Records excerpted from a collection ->

-=-=-

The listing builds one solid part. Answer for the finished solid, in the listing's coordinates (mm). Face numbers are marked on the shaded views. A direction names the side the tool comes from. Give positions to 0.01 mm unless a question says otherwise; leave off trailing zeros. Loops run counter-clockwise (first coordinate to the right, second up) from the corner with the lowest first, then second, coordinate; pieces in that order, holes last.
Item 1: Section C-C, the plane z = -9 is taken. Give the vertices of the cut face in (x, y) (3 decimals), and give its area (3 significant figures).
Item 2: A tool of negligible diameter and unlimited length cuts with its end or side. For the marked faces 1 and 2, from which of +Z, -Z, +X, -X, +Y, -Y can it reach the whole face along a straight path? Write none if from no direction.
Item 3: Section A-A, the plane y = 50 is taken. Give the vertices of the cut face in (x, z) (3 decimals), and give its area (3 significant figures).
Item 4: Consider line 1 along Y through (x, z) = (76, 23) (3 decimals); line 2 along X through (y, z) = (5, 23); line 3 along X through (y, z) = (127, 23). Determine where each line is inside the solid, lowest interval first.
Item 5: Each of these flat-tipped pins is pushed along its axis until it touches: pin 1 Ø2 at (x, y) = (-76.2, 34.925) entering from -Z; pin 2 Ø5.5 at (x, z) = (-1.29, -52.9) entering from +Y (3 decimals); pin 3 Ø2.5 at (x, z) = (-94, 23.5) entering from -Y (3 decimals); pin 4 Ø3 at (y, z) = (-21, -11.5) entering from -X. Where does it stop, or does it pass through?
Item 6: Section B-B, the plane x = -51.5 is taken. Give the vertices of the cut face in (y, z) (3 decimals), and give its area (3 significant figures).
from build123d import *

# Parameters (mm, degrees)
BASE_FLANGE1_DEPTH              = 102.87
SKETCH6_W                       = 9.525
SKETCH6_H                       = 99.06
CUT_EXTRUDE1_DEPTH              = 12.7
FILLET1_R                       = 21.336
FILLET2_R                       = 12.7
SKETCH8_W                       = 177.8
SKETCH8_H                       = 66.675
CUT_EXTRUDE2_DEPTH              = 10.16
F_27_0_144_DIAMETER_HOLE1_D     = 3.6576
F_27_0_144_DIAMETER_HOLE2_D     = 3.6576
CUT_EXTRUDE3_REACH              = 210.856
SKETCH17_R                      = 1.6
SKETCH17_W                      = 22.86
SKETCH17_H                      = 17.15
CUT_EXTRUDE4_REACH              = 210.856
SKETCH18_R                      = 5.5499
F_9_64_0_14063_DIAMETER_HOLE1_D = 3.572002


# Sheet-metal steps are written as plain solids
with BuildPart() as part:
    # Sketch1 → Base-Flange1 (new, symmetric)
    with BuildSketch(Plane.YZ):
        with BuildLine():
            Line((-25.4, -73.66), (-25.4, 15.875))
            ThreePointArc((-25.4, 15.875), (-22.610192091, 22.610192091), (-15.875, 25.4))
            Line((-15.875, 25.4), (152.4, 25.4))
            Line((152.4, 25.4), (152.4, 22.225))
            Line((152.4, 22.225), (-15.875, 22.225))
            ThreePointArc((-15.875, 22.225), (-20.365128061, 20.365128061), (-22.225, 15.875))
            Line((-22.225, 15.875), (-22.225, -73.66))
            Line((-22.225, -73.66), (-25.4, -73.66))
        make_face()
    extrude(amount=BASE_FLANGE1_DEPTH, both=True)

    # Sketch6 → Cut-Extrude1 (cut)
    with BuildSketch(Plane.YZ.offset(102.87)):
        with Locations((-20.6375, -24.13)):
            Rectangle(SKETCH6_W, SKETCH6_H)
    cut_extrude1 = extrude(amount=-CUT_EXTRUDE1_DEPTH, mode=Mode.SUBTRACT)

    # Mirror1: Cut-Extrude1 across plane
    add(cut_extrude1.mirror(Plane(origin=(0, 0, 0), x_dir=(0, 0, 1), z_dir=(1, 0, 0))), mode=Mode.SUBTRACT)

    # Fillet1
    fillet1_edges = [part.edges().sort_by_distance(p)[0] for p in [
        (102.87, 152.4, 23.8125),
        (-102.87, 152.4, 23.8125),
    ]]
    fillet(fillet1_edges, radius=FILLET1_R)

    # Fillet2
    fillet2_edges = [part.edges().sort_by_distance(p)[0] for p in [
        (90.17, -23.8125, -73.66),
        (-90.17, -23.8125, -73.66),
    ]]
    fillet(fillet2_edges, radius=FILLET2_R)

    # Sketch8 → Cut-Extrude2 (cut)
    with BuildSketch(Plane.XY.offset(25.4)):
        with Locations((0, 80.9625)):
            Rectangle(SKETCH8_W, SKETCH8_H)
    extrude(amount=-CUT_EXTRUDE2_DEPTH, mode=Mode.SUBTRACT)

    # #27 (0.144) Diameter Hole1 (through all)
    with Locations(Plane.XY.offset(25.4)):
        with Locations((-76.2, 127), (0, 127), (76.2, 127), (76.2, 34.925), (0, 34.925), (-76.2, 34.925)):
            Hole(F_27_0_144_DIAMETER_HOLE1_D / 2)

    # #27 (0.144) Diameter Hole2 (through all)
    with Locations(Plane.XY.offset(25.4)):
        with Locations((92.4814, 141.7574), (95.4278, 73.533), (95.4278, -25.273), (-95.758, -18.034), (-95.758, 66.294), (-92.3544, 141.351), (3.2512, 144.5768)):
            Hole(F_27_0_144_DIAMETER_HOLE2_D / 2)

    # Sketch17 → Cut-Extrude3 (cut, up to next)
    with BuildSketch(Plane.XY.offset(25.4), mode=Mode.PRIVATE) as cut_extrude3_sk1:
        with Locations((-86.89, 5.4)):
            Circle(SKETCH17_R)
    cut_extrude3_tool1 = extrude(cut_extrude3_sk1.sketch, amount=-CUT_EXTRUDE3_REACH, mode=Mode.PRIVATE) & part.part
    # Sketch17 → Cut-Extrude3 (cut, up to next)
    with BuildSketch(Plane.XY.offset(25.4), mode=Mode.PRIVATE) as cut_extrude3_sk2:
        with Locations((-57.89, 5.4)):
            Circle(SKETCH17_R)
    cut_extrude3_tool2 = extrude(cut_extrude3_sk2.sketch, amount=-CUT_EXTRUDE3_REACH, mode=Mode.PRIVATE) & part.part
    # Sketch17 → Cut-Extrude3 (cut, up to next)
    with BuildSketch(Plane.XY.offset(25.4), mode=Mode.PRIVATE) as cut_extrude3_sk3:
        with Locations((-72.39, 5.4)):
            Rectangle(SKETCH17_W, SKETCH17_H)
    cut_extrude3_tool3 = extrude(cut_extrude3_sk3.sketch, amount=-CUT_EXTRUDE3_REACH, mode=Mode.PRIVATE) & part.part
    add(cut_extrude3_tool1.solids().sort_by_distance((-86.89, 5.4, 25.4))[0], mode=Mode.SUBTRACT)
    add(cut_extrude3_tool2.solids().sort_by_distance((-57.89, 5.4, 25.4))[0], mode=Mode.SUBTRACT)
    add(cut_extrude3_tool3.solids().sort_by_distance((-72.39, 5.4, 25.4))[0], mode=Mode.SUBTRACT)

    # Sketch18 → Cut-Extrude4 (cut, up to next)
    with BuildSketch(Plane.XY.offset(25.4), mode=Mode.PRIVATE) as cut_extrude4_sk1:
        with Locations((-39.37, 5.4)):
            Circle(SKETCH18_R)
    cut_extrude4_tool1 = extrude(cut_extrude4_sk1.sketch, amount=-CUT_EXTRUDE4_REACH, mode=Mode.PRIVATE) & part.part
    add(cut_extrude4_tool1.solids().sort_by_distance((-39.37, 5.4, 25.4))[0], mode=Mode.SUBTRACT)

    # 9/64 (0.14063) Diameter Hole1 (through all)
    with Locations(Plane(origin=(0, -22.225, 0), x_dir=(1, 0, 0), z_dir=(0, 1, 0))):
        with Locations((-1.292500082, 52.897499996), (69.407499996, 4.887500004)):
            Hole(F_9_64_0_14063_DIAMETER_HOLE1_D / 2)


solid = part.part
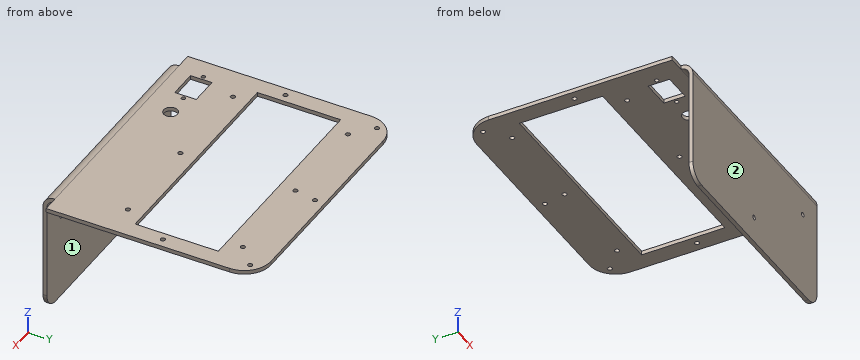
Worked answers:
1. outline: (-90.17, -25.4) - (90.17, -25.4) - (90.17, -22.225) - (-90.17, -22.225) - close
1. area: 573 mm2
2. face 1: -Z, +X, -X, +Y
2. face 2: +Z, -Z, +X, -X, -Y
3. outline: (-102.87, 22.225) - (-88.9, 22.225) - (-88.9, 25.4) - (-102.87, 25.4) - close; (88.9, 22.225) - (102.87, 22.225) - (102.87, 25.4) - (88.9, 25.4) - close
3. area: 88.7 mm2
4. line 1: y = -22.196 to 33.107, 36.743 to 47.625, 114.3 to 125.182, 128.818 to 152.4
4. line 2: x = -102.87 to -88.44, -85.34 to -83.82, -60.96 to -59.44, -56.34 to -44.91, -33.83 to 102.87
4. line 3: x = -102.87 to -78.03, -74.37 to -1.83, 1.83 to 74.37, 78.03 to 102.87
5. pin 1: passes through
5. pin 2: stops at y = -22.225
5. pin 3: stops at y = -15.875
5. pin 4: stops at x = -90.17
6. outline: (-25.4, -73.66) - (-22.225, -73.66) - (-22.225, 15.875) arc R6.35 cw to (-15.875, 22.225) - (47.625, 22.225) - (47.625, 25.4) - (-15.875, 25.4) arc R9.525 ccw to (-25.4, 15.875) - close; (114.3, 22.225) - (152.4, 22.225) - (152.4, 25.4) - (114.3, 25.4) - close
6. area: 646 mm2

-=-=-

TASK STATEMENT -> The answer must be a single number: how many lines in the records above contain the word "radius".

TASK ANSWER -> 2